La conclusione di un pranzo di tale livello non poteva che essere un dolce all'altezza. Il Soufflé alle Nocciole, descritto come perfetto, rappresenta una chiusura classica e al tempo stesso sublime, esaltando uno degli ingredienti simbolo del Piemonte. Un dolce che corona un percorso gastronomico dove la cucina piemontese e quella italiana raggiungono livelli di eccellenza assoluta.
La Cantina Enciclopedica
Un'esperienza culinaria d'eccezione come quella offerta da Del Cambio non sarebbe completa senza una carta dei vini adeguata, e quella del ristorante è definita a ragione 'enciclopedica'. Con proposte che spaziano dal meglio del Piemonte al meglio del mondo, la selezione è vastissima e pensata per accompagnare al meglio ogni piatto. La varietà si riflette anche nei prezzi, che partono da poche decine di euro per arrivare 'all'infinito', offrendo opzioni per ogni tipo di esigenza e possibilità.
L'accesso a un'esperienza culinaria di questo calibro ha naturalmente un costo che riflette l'eccellenza della materia prima, la maestria della preparazione, la storia del luogo e l'impeccabilità del servizio. Del Cambio propone diversi percorsi di degustazione che permettono di esplorare la cucina dello chef Baronetto a prezzi fissi:
| Menu Degustazione | Numero di Piatti | Prezzo |
|---|---|---|
| Menu 1 | 4 piatti | 105 euro |
| Menu 2 | 6 piatti | 140 euro |
| Menu 3 | 9 piatti | 210 euro |
È inoltre possibile optare per la scelta à la carte, con una spesa stimata intorno ai 130 euro, che permette maggiore libertà nella composizione del proprio pasto.
Domande Frequenti sul Ristorante Del Cambio
Ecco alcune risposte basate sulle informazioni fornite riguardo al Ristorante Del Cambio:
Quante stelle Michelin ha il Ristorante Del Cambio?
Attualmente, il Ristorante Del Cambio detiene una Stella Michelin, riconquistata sotto la guida dello chef Matteo Baronetto.
Chi è lo chef del Ristorante Del Cambio?
Lo chef del Ristorante Del Cambio è Matteo Baronetto.
Che tipo di cucina propone il Ristorante Del Cambio?
Il ristorante propone una cucina che unisce la tradizione piemontese e italiana con un cuore contemporaneo e innovativo, puntando sulla qualità e sul sapore autentico dei piatti.
Quali sono alcuni piatti consigliati al Del Cambio?
Tra i piatti particolarmente apprezzati e menzionati figurano gli Scampi con mascarpone affumicato e purea di fagioli alla salvia, l'Insalata Piemontese, il Ramen in versione piemontese, il Riso con noce moscata, spinaci e ricci di mare, la Costoletta alla Milanese e il Soufflé alle nocciole.
Qual è la fascia di prezzo per un pasto al Del Cambio?

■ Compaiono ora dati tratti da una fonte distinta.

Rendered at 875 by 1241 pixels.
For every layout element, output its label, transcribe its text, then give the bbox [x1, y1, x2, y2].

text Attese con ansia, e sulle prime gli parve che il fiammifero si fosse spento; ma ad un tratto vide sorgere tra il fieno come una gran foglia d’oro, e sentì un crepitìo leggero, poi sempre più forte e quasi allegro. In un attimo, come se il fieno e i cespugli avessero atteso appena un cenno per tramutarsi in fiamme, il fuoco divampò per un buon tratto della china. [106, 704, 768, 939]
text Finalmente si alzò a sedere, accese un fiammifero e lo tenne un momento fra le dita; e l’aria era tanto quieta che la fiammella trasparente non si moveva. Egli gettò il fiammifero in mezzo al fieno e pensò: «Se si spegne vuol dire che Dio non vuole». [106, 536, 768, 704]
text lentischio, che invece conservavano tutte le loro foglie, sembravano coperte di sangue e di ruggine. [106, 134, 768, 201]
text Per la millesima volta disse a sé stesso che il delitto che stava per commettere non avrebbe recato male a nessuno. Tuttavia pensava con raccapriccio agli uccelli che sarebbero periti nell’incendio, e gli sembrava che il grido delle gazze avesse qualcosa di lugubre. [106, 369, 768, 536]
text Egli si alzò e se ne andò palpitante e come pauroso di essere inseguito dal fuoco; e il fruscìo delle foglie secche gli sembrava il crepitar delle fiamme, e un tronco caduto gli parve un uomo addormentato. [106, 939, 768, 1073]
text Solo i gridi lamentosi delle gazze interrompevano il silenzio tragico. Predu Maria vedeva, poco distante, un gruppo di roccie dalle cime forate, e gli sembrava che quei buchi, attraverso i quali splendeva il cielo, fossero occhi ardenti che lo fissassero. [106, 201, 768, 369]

I menu degustazione vanno da 105 a 210 euro. La spesa à la carte si aggira intorno ai 130 euro.
Come descrivereste l'ambiente del Del Cambio?
L'ambiente, in particolare nella storica Sala Risorgimento, è elegante e sontuoso, caratterizzato da specchi e stucchi, con un forte richiamo alla storia sabauda e alla presenza di personaggi illustri come Cavour. Offre un'atmosfera di lusso discreto e storico.
È possibile scegliere dove sedersi nella Sala Risorgimento?
Sì, le coppie possono scegliere tra sedersi uno di fronte all'altro o fianco a fianco sui divanetti.
In conclusione, il Ristorante Del Cambio a Torino è molto più di un semplice luogo dove mangiare; è un'esperienza culturale, storica e, naturalmente, gastronomica di altissimo livello. Sotto la guida esperta e ispirata di Matteo Baronetto, la tradizione incontra la modernità in piatti che sono un inno al gusto e alla qualità. Un luogo dove tornare e ritornare, per celebrare occasioni speciali o semplicemente per il piacere di vivere un momento di pura eccellenza culinaria.